Control wasn’t so hard at the University of Washington, in large part because CHID was a bit more software-industry than most departments, and I worked in the UW computer labs as a sysadmin, where many of the people I worked with shared the hacker humour vibe, and we could send each other stupid, geeky email and play pranks with ease. It was a good escape valve. Here, I’m noticing that sans that escape, I’m a touch pent up and a bit more mischievous than is perhaps wise. Hence my serious consideration of going back into improv comedy. I’ve not been able to join up with the class I’d like to take, due to my travel schedule, but when that calms down I’ll likely find myself on the stage again…for the release, if nothing else. If I’m going to open my mouth to find God speaking, I’d rather it be on a stage than in a classroom.

Still, if you occasionally see the corners of my mouth drift up at inappropriate moments, or catch a far-away gaze in my eyes when I should be focusing on whomever’s lecturing, chances are good I’m just containing impulse and dreaming of running away – not to the circus, but the computer.

collective souls

All the rest of us who are now collectively soldiers in the war on terror…

The words there are not as surprising, nor do they leap out of the page so much as when they are summarized by others. Over the course of my weekend academic readingsMy final paper for the public health ethics course I’m taking will be on bioterrorism, biodefense, and bioethics. Mmm, bioX., I several times caught the quote “we are all soldiers in the war on terror now”, and every time it was attributed to Art Caplan. It’s the sort of thing that jumps out at you, especially when it seems not quite right, but not for any particular reason you can articulate.

So today, taking a break from virtual work, I grabbed Smart Nice, Not-So-Smart People off my bookshelf, to see if the oft-cited article was in the compilation of essays. Indeed it was, and I could read the entire article. Having read it, I feel more comfortable with the statement Caplan was making, and am a bit amused at seeing it taken so dramatically out of context elsewhere, most likely because it’s imminently quotable taken ever-so-slightly out of context.

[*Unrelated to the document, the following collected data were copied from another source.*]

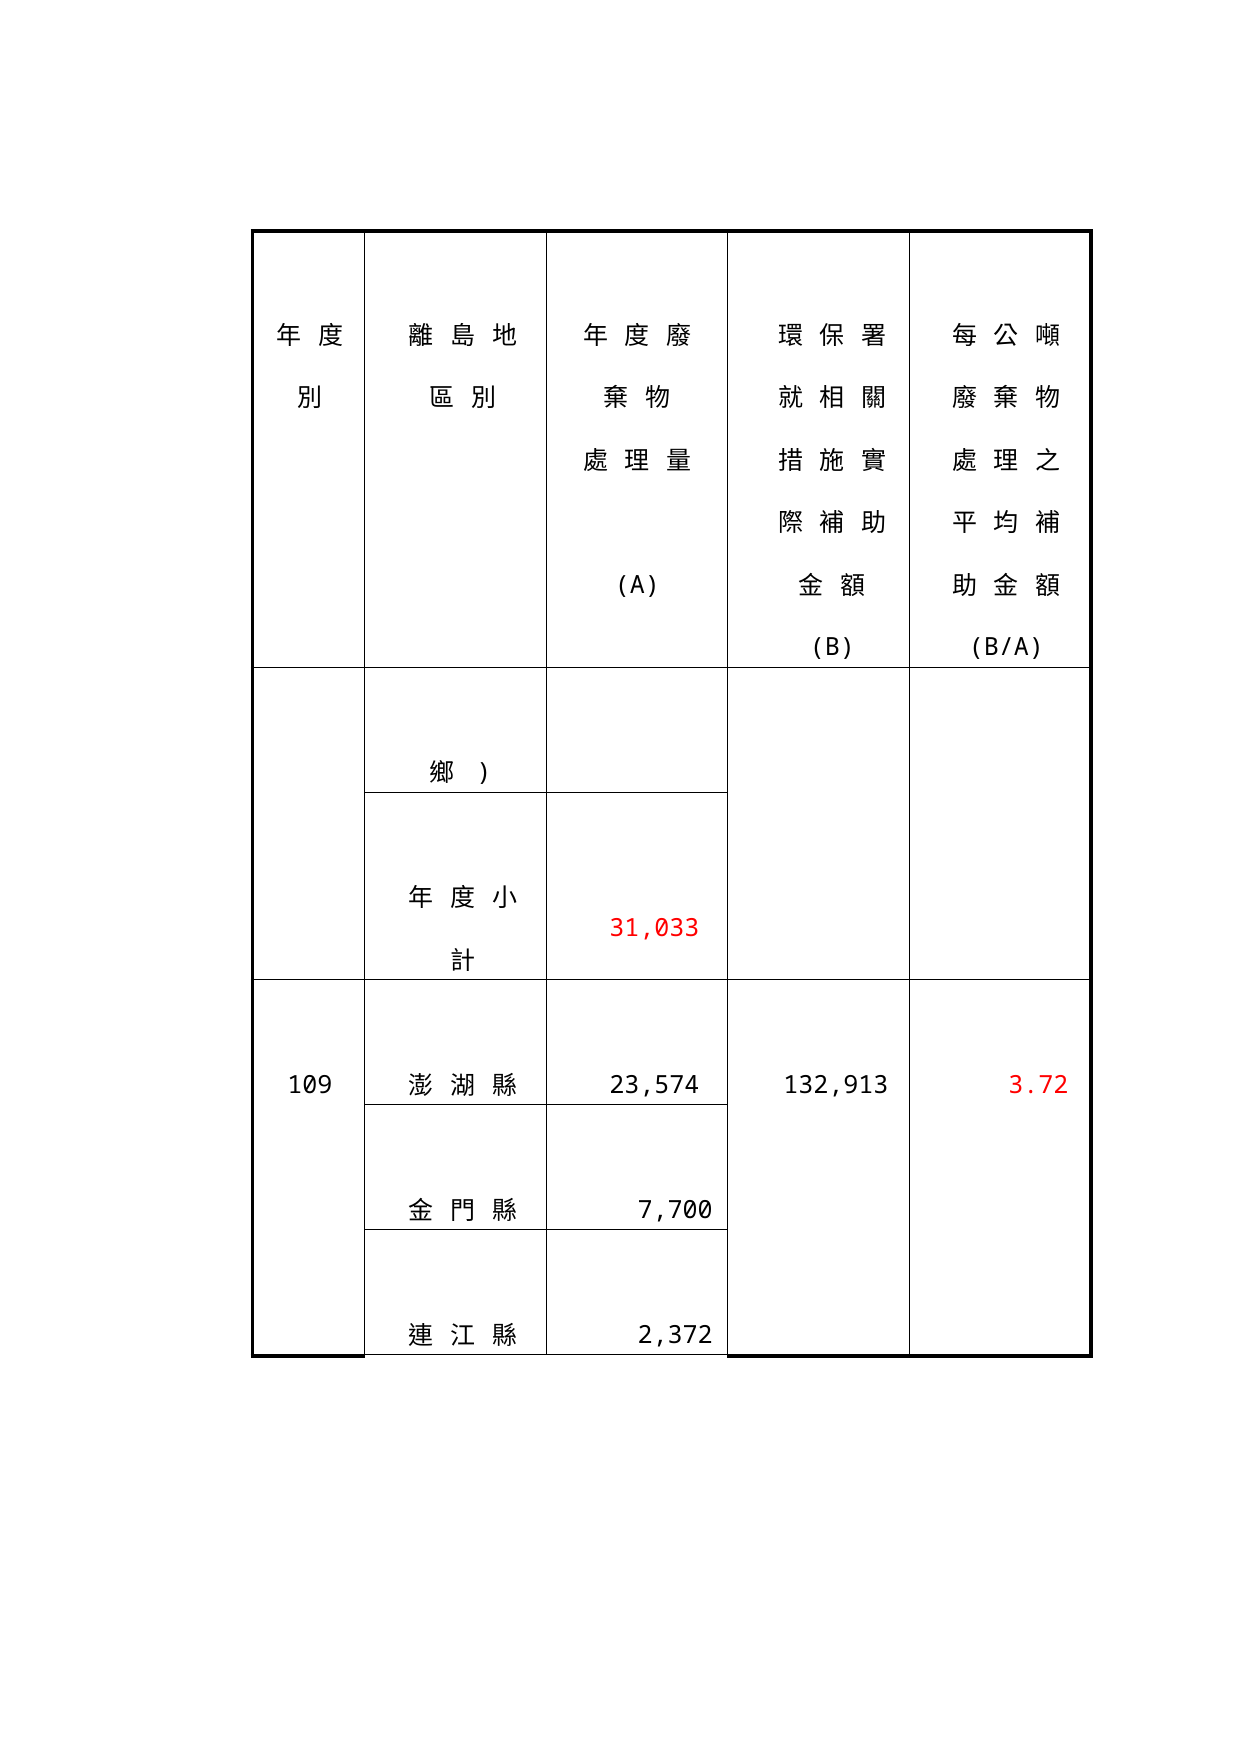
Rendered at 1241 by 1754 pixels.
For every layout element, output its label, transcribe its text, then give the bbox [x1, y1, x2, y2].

table_cell 連江縣 [365, 1230, 546, 1354]
table_cell [728, 668, 909, 979]
table_header 環保署就相關措施實際補助金額 (B) [728, 233, 909, 667]
table_cell 3.72 [910, 980, 1089, 1354]
table_cell [254, 668, 364, 979]
table_cell 鄉) [365, 668, 546, 792]
table_cell [910, 668, 1089, 979]
table_header 年度別 [254, 233, 364, 667]
table_header 每公噸廢棄物處理之平均補助金額 (B/A) [910, 233, 1089, 667]
table_cell 132,913 [728, 980, 909, 1354]
table_cell [547, 668, 727, 792]
table_cell 23,574 [547, 980, 727, 1104]
table_header 年度廢棄物 處理量 (A) [547, 233, 727, 667]
table_cell 年度小計 [365, 793, 546, 979]
table_cell 金門縣 [365, 1105, 546, 1229]
table_cell 2,372 [547, 1230, 727, 1354]
table_cell 7,700 [547, 1105, 727, 1229]
table_cell 31,033 [547, 793, 727, 979]
table_cell 澎湖縣 [365, 980, 546, 1104]
table_cell 109 [254, 980, 364, 1354]
table_header 離島地區別 [365, 233, 546, 667]

But reading the article as a whole, it was really the end of it that hit me. Not for its Caplan-esque quotability, but for the deep sadness knowledge brings about. Caplan says

After the World Wars, Korea, Vietnam and the Gulf War, those who served knew that they would get the medical care they needed. A grateful nation promised them what they had earned.

Medical care that includes falling down rooms, leaking ceilings, mold, unwashed linens. Discharing our veterans with medical injuries and then losing them to followup, or flat out deny their care – that is, if we’re not re-deploying the seriously injured.

If this is how we treat our actual veterans, why do we have any illusions that we will treat the people of our country any better, by granting universal access to health care? Caplan says in his article that “[i]n the new world where each of us is a target and every American is a veteran, we must make the same promise to one another.” I hate to be the bearer of bad news, but we have, and we do. We treat our veterans like we do the rest of the population: we offer a safety net that isn’t actually there, and hope no one actually falls and needs it.